__What is needed__
When you reach the line containing "4. S11 at 6 GHz (nearest 2 dB)" in the entries below, begin reproducing lines exactly, and stop once the line containing "12. VSWR at marker 1 (S11) (nearest 0.1)" is done.

__Records shown__
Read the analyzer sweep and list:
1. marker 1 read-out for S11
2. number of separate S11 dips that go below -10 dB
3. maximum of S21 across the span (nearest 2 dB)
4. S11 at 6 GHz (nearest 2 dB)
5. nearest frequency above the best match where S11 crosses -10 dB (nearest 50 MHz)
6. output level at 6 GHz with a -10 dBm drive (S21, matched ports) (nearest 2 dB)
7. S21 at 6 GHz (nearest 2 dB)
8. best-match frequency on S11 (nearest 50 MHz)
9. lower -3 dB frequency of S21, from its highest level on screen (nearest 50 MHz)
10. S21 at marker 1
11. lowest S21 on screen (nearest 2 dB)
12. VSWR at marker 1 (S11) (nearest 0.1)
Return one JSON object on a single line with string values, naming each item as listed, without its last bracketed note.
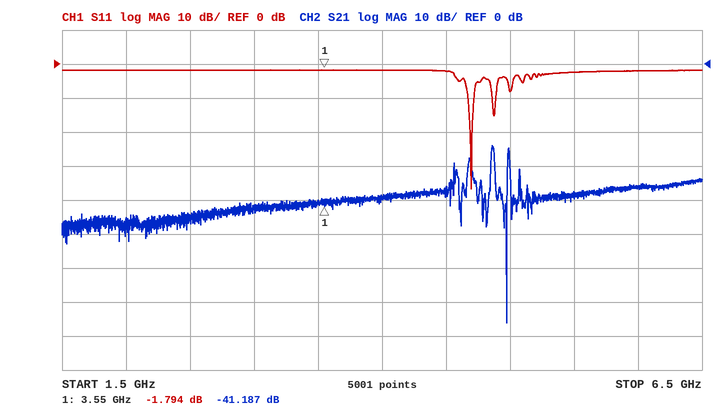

__Solved problem__
4. S11 at 6 GHz (nearest 2 dB)
5. nearest frequency above the best match where S11 crosses -10 dB (nearest 50 MHz)
6. output level at 6 GHz with a -10 dBm drive (S21, matched ports) (nearest 2 dB)
7. S21 at 6 GHz (nearest 2 dB)
8. best-match frequency on S11 (nearest 50 MHz)
9. lower -3 dB frequency of S21, from its highest level on screen (nearest 50 MHz)
10. S21 at marker 1
11. lowest S21 on screen (nearest 2 dB)
12. VSWR at marker 1 (S11) (nearest 0.1)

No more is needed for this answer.